Светлый фон

– Выглядишь хреново.

Датч это знал. Его изрезанное, опухшее, воспаленное лицо выглядело так, словно его рвала стая бешеных собак.

– Эта мазь, что ты мне принес от Ритта, никуда не годится.

– Эти порезы, если их не обработать, скоро загноятся. Хочешь, подвезу тебя до больницы?

– Нет.

– К Ритту домой?

– Черт, только этого не хватало!

– Он говорил, у него есть кое-что покрепче, если это не поможет.

Датч покачал головой.

– Ты хоть что-нибудь ел?

– Так, хватал куски то тут, то там.

– Дора могла бы…

– Да я не голоден.

Хорошо зная Уэса, Датч понял, что тот пришел неспроста и рано или поздно перейдет к цели своего визита. А пока ему хотелось, чтобы Уэс ушел и оставил его в покое. Датч терпеть не мог так называемой «отеческой заботы». Он был не в настроении «просто поболтать». Ему хотелось упиваться своим горем в одиночестве. И если это кому-то казалось паранойей или саморазрушением, тут уж ничего не поделаешь, извините, так уж он устроен.

И разве у него нет поводов для горя? У него же ничего не получается. За что бы он ни взялся, все выходит наперекосяк. Можно смело сказать: за что бы он ни взялся, все кончается катастрофой. Его безуспешная попытка поднять на гору грузовик Кэла Хокинса окончилась тем, что ему теперь грозит несколько судебных исков. А сам Хокинс может предъявить ему даже уголовное обвинение.

Но мало ему этого – окружающие словно сговорились подрывать его авторитет. Он пренебрег запретом Бегли и поехал-таки на турбазу «Уистлер-Фоллз», но его тормознули, прежде чем он успел добраться до коттеджа номер восемь и своими глазами увидеть, что за улики против Тирни нарыли федералы.
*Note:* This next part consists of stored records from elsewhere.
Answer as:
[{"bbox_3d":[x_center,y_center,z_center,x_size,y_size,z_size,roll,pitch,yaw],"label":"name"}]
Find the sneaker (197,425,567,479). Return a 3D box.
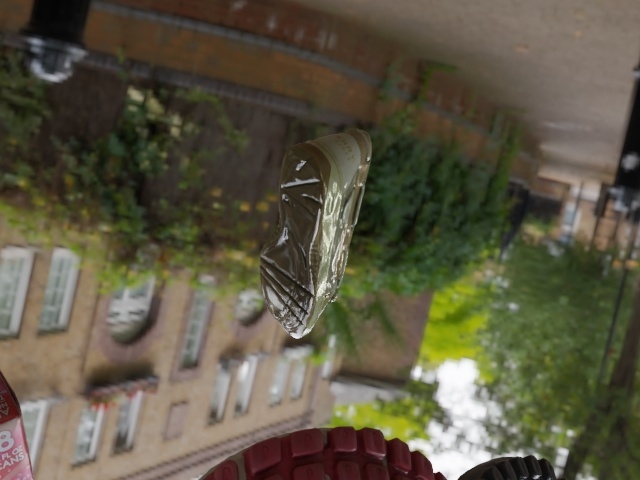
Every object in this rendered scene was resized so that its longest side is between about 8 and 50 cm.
[{"bbox_3d":[0.027,0.164,0.559,0.112,0.121,0.299,-31,151,26],"label":"sneaker"}]

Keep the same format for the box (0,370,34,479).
[{"bbox_3d":[-0.274,0.138,0.597,0.256,0.128,0.122,-19,-139,-24],"label":"box"}]

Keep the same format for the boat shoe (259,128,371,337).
[{"bbox_3d":[-0.001,-0.002,0.755,0.048,0.153,0.056,-24,-130,-32],"label":"boat shoe"}]
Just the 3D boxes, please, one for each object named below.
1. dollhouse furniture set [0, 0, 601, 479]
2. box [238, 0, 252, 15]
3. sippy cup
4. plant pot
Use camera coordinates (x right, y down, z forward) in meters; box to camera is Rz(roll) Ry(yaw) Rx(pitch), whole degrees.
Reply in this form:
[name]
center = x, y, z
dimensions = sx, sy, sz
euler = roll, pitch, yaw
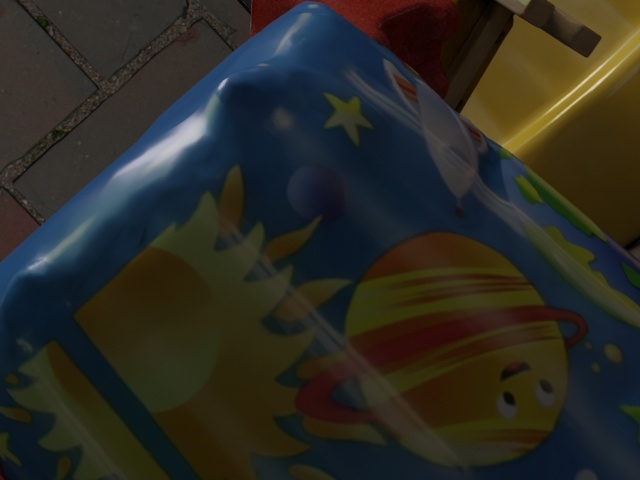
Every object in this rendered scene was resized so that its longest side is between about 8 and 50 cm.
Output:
[dollhouse furniture set]
center = -0.056, 0.002, 0.690
dimensions = 0.201, 0.152, 0.374
euler = 14, -70, -56
[box]
center = 0.129, -0.300, 1.447
dimensions = 0.395, 0.293, 0.212
euler = -42, 9, 6
[sippy cup]
center = 0.010, 0.057, 0.452
dimensions = 0.240, 0.224, 0.305
euler = -45, 9, -11
[plant pot]
center = 0.116, -0.131, 0.857
dimensions = 0.254, 0.239, 0.254
euler = -42, 8, 7
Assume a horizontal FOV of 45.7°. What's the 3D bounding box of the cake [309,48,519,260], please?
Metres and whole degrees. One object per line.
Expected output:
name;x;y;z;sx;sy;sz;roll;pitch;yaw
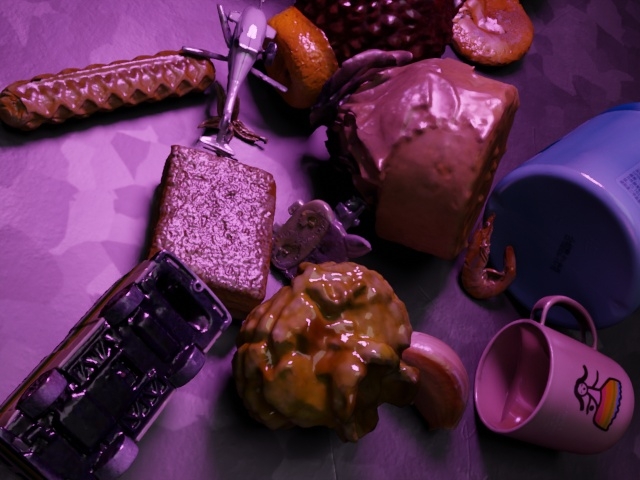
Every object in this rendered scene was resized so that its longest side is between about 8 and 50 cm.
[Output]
cake;0.140;-0.160;1.297;0.321;0.332;0.332;23;53;14

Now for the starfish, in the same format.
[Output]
starfish;-0.149;-0.194;1.300;0.130;0.041;0.133;28;76;-33

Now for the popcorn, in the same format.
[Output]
popcorn;0.011;0.158;1.087;0.270;0.224;0.258;7;62;-8

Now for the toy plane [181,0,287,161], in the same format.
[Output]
toy plane;-0.140;-0.276;1.217;0.182;0.107;0.273;35;53;-8

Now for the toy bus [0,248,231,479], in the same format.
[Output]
toy bus;-0.270;0.170;0.961;0.143;0.179;0.305;48;53;-17

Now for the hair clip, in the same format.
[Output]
hair clip;-0.002;0.000;1.210;0.146;0.187;0.056;48;11;13

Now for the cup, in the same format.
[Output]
cup;0.404;0.225;1.282;0.200;0.191;0.253;21;75;-21

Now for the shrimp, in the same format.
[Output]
shrimp;0.311;0.032;1.374;0.095;0.162;0.045;17;15;18

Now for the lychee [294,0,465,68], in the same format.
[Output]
lychee;0.116;-0.442;1.413;0.330;0.306;0.306;-1;64;-3

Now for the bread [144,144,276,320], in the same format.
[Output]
bread;-0.166;-0.010;1.156;0.184;0.110;0.234;16;58;-18

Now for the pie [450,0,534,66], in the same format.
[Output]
pie;0.373;-0.506;1.722;0.273;0.069;0.273;12;58;-19

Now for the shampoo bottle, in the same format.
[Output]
shampoo bottle;0.526;-0.047;1.407;0.342;0.331;0.331;-31;83;-35

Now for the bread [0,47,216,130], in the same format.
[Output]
bread;-0.328;-0.245;1.206;0.367;0.084;0.077;-22;118;-34

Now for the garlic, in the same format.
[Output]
garlic;0.157;0.202;1.231;0.206;0.128;0.115;34;30;0

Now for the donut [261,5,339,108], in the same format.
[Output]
donut;-0.046;-0.314;1.336;0.074;0.174;0.190;-29;74;-17
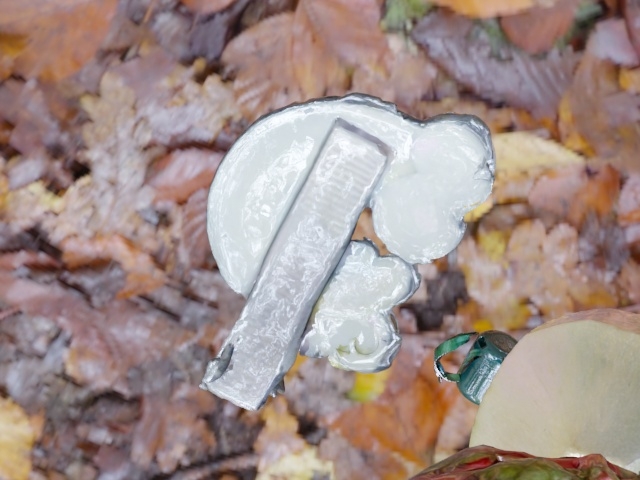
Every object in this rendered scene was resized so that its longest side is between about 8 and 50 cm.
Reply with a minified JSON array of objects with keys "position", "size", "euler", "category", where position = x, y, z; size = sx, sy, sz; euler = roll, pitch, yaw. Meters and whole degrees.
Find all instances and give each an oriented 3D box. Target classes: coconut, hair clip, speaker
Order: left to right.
[{"position":[0.000,0.000,0.629],"size":[0.116,0.049,0.172],"euler":[27,105,-2],"category":"hair clip"},{"position":[0.167,0.131,1.457],"size":[0.094,0.060,0.075],"euler":[26,120,1],"category":"speaker"},{"position":[0.242,0.180,1.084],"size":[0.259,0.259,0.259],"euler":[2,116,5],"category":"coconut"}]

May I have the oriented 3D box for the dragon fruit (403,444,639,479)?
[{"position":[0.068,0.228,0.578],"size":[0.231,0.302,0.237],"euler":[51,148,-5],"category":"dragon fruit"}]
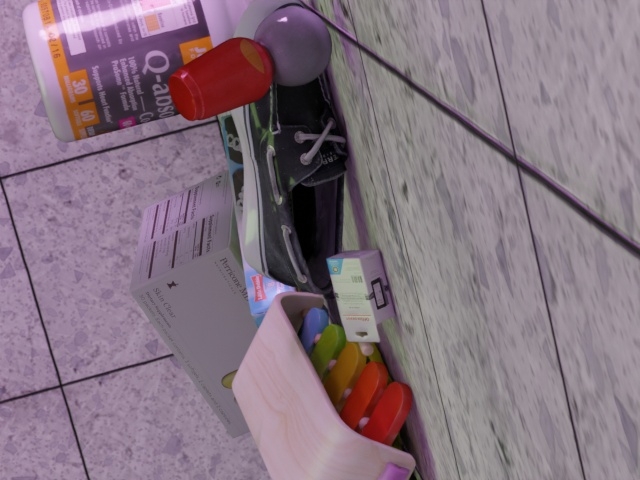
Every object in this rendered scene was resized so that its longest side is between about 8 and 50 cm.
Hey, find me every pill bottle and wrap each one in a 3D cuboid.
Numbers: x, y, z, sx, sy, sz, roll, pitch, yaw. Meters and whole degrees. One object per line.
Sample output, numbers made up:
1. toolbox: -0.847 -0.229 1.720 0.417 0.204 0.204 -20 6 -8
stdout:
1. pill bottle: -0.180 -0.218 1.977 0.162 0.278 0.162 165 90 -86

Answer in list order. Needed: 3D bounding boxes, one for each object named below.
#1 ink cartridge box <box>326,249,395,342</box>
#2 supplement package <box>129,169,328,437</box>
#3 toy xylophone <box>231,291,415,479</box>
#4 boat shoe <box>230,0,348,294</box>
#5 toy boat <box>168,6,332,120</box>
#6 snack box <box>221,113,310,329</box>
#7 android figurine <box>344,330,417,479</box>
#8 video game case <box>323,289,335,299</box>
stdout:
1. ink cartridge box: 0.040 0.052 1.677 0.048 0.028 0.083 -1 106 48
2. supplement package: -0.110 0.079 2.289 0.262 0.145 0.204 57 -163 -28
3. toy xylophone: 0.005 0.150 1.806 0.236 0.081 0.323 -59 31 29
4. boat shoe: -0.020 -0.087 1.698 0.102 0.108 0.301 25 125 40
5. toy boat: -0.073 -0.252 1.422 0.267 0.148 0.318 32 141 45
6. snack box: -0.051 0.016 2.121 0.187 0.060 0.322 68 -171 -48
7. android figurine: 0.055 0.208 1.946 0.273 0.056 0.248 -113 9 -53
8. video game case: 0.000 0.000 2.137 0.157 0.019 0.143 149 106 -85
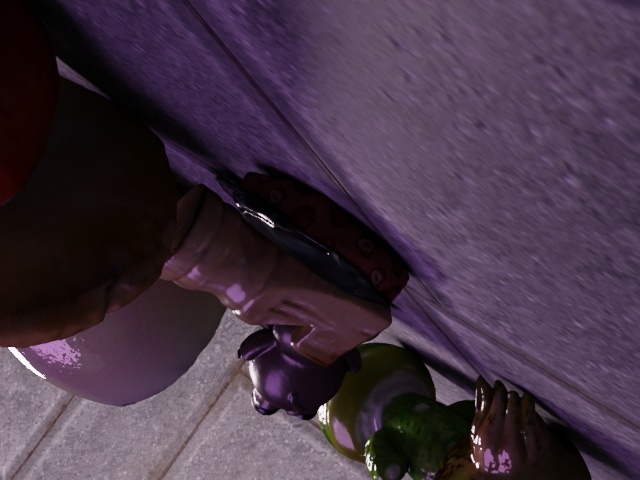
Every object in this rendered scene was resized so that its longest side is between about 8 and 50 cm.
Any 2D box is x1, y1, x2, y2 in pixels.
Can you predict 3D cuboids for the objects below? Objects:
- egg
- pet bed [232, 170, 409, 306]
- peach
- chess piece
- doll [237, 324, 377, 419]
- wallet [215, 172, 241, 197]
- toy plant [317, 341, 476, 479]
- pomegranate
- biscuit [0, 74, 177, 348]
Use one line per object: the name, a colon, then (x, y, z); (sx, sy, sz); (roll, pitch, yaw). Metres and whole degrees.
egg: (-0.357, 0.033, 1.920); (0.340, 0.354, 0.354); (37, 174, -38)
pet bed: (0.000, 0.000, 1.283); (0.201, 0.053, 0.201); (36, 174, 5)
peach: (-0.378, -0.157, 1.273); (0.281, 0.238, 0.281); (63, 179, 1)
chess piece: (-0.057, 0.053, 1.573); (0.301, 0.137, 0.137); (30, 175, -20)
doll: (-0.019, 0.146, 1.752); (0.182, 0.257, 0.117); (6, -140, -11)
wallet: (-0.034, -0.012, 1.495); (0.196, 0.020, 0.103); (34, 173, 8)
toy plant: (0.131, 0.267, 1.846); (0.316, 0.224, 0.184); (21, 124, 59)
pomegranate: (0.251, 0.300, 1.589); (0.204, 0.276, 0.222); (16, -152, -11)
biscuit: (-0.380, -0.057, 1.450); (0.446, 0.429, 0.104); (16, 132, -4)
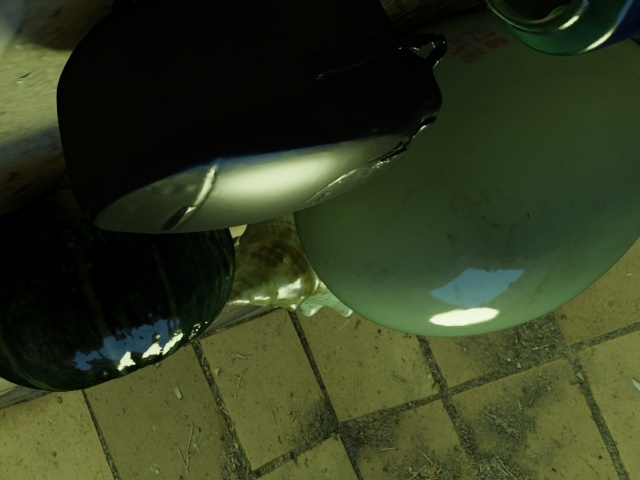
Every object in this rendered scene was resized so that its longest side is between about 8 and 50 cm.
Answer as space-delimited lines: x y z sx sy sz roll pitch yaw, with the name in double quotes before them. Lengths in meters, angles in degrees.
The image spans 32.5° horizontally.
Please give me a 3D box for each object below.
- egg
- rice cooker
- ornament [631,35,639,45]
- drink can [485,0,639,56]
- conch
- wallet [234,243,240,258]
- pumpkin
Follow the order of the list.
"egg" 0.136 -0.060 0.827 0.371 0.230 0.230 -27 179 -41
"rice cooker" -0.034 -0.071 0.558 0.203 0.118 0.142 -19 173 -30
"ornament" 0.343 -0.154 1.126 0.177 0.177 0.177 -23 175 -2
"drink can" 0.172 -0.164 0.520 0.205 0.118 0.118 -22 175 -26
"conch" 0.000 0.014 1.401 0.203 0.169 0.386 4 -171 33
"wallet" -0.198 0.062 1.588 0.202 0.059 0.141 -20 -179 -16
"pumpkin" -0.166 0.023 0.808 0.211 0.152 0.211 -24 -167 6

Он был здесь главным, он был начальником полиции города, но этот Бегли выскочил из уютного кабинетика Гаса Элмера и наорал на него, обвинил в попытке сорвать федеральное расследование, обращался с ним так, будто он – ничто, ноль без палочки. Даже его подчиненные стали огрызаться всякий раз, как он отдавал приказ.

– Датч?

Он очнулся от своих горьких дум и устремил глаза на Уэса.

– Что ты тут делаешь? – спросил он ворчливо. – Что тебе дома не сидится? Шел бы к жене, отымел бы ее.